True or False: False
hoboken-dog-begging.jpgI often hear people gloat that they never feed their dog “human” food. I usually keep quiet unless I know the person is open to a broader conversation when it comes to pet nutrition. There is absolutely nothing wrong with feeding your dog fresh foods. What better, fresher source of nutrition could they possibly get? Meat, carrots, a little bite of that apple pie isn’t going to “spoil” your pet although it is going to give them a hint of what good food tastes like. Now listen carefully. If your dog is a beggar, and you don’t want your dog whining while you eat, never feed your dog “at” the table, but feel free to give your dog food “from” the table. You eat first and IGNORE the dog that asks for food while you are eating. To avoid whining at the table while you eat, just put the food in their bowl where they usually eat rather than slipping it to them under the table (unless you are trying to get rid of something nasty without the cook knowing). There are certain vegetables and fruits that are not good for dogs such as onions, grapes and raisins (and we all know about chocolate – Is chocolate a vegetable?) but for the most part, veggies are safe in small amounts.
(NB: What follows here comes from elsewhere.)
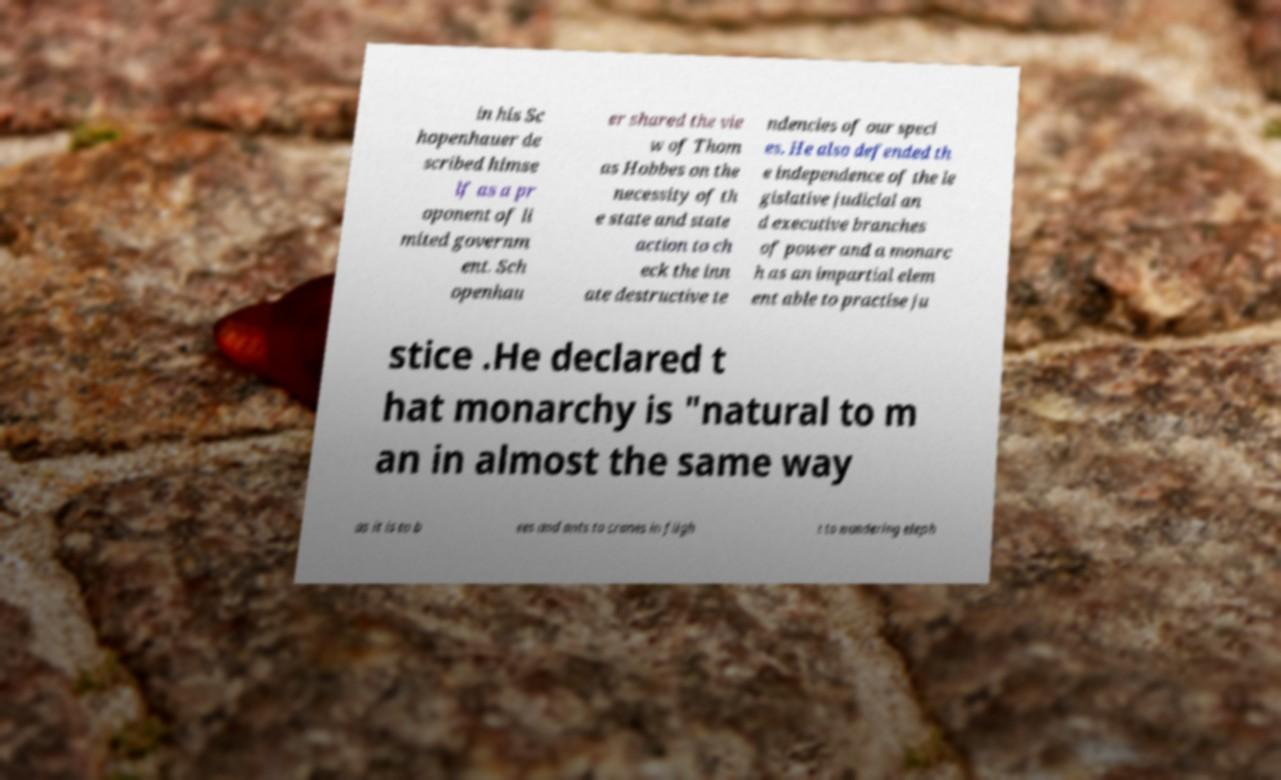Could you extract and type out the text from this image? in his Sc hopenhauer de scribed himse lf as a pr oponent of li mited governm ent. Sch openhau er shared the vie w of Thom as Hobbes on the necessity of th e state and state action to ch eck the inn ate destructive te ndencies of our speci es. He also defended th e independence of the le gislative judicial an d executive branches of power and a monarc h as an impartial elem ent able to practise ju stice .He declared t hat monarchy is "natural to m an in almost the same way as it is to b ees and ants to cranes in fligh t to wandering eleph 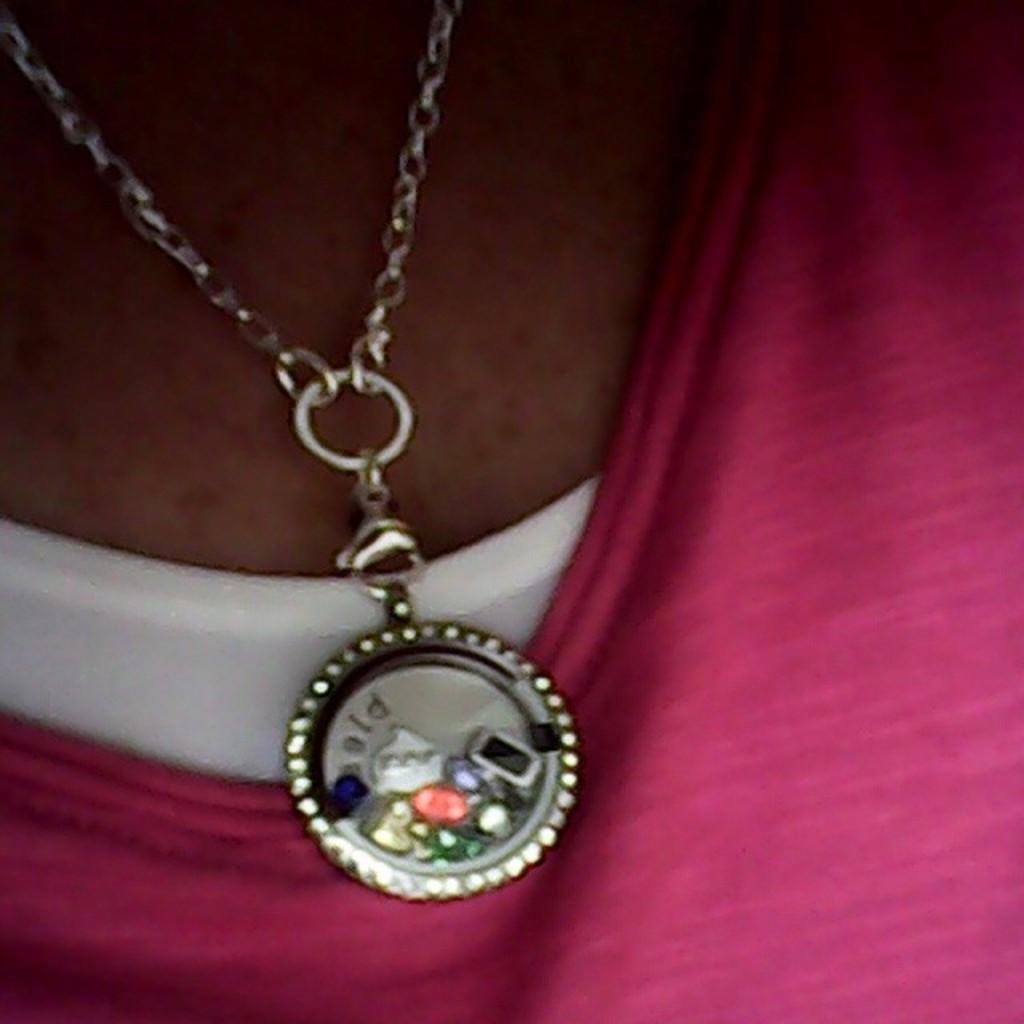Describe this image in one or two sentences. In this image I can see a person wearing pink and white color dress and there is a chain with a locket around the person's neck.

Dry Food is Best for my Pet and it Keeps the Teeth Clean

True or False: False and False
Dry food was created as a convenience for the pet owner and it by no means is the healthiest food you can feed your animal. Regardless of how good a dry dog food is, and there are plenty of good ones out there, it is still the most processed pet food on the market. To get all of those meat, grain and vegetable ingredients into the form of dry kibble, the food has to be processed to the point where it looses much of its whole form nutritional and bio-available value. It basically equates to feeding your dog cereal. If you are not feeding a premium food (or you are getting the food for your dog at the grocery store or big box supplier) you are also very likely feeding your pet a food with a high amount of grain or grain products, not to mention by-products. Would you feed your child, or yourself, cereal or even one kind of cereal for life regardless of how good it is? Feeding your animal foods that are less processed including raw and canned premium foods with human-grade ingredients are a better source of nutrition. If you are going to use kibble, and most will, choose a premium kibble, rotate the protein sources in the kibble and provide canned and fresh food to balance an overly processed diet. As far as kibble cleaning your pet’s teeth…..would you try cleaning your teeth by eating a hard pretzel? Dogs don’t chew their food, they inhale whenever possible. Their teeth were made for hunting animals and ripping meat off the bone. I hear many people complain that their dog doesn’t chew but that’s just the way they were created. They bite; they rip to shreds and crush when necessary but feeding dry food is not going to keep their teeth clean “because they have to chew it.”

hoboken-dogs-fake-teeth.jpg

Bones and Chews are Dangerous for Dogs

True or False: True and False
hoboken-bull-pizzle.jpgHey, we have a president who choked on a pretzel. Of course it is possible that a dog could choke on a bone but given their nature, not likely. Dogs and cats have incredible gag reflexes. It’s far more likely that your dog will choke on a bottle cap, a toy, a tennis ball or some other unexpected object they decide to pick up and give the taste test. You have to know your dog and know your bones. Raw and slow roasted bones are always the best choice because they normally do not splinter. Raise your dog on bones from a puppy and they are less likely to go nuts when you give them a bone because they now know how to handle the bone. Bones are a natural source of everything a dog needs by way of glucosamine, chondroitin and calcium. Raw bones and meat tendons such as bully sticks (bull pizzle – look it up), slow roasted bones are not only a great source of protein and other nutrients, but they give your dog something to do while you play on the computer. Bones and natural chews are also what a dog can use to clean their teeth. The grinding and gnawing they have to do will clean away tartar. Again, know your dog and know the bone. You’re not going to give a 100 pound Labrador the same bone you would give a smaller dog. Use common sense. Supervise your dog until you know how it handles bones and chews and remember that these products have calories. You need to adjust your feeding amounts to account for the additional calories you give your dog by way of bones and chews.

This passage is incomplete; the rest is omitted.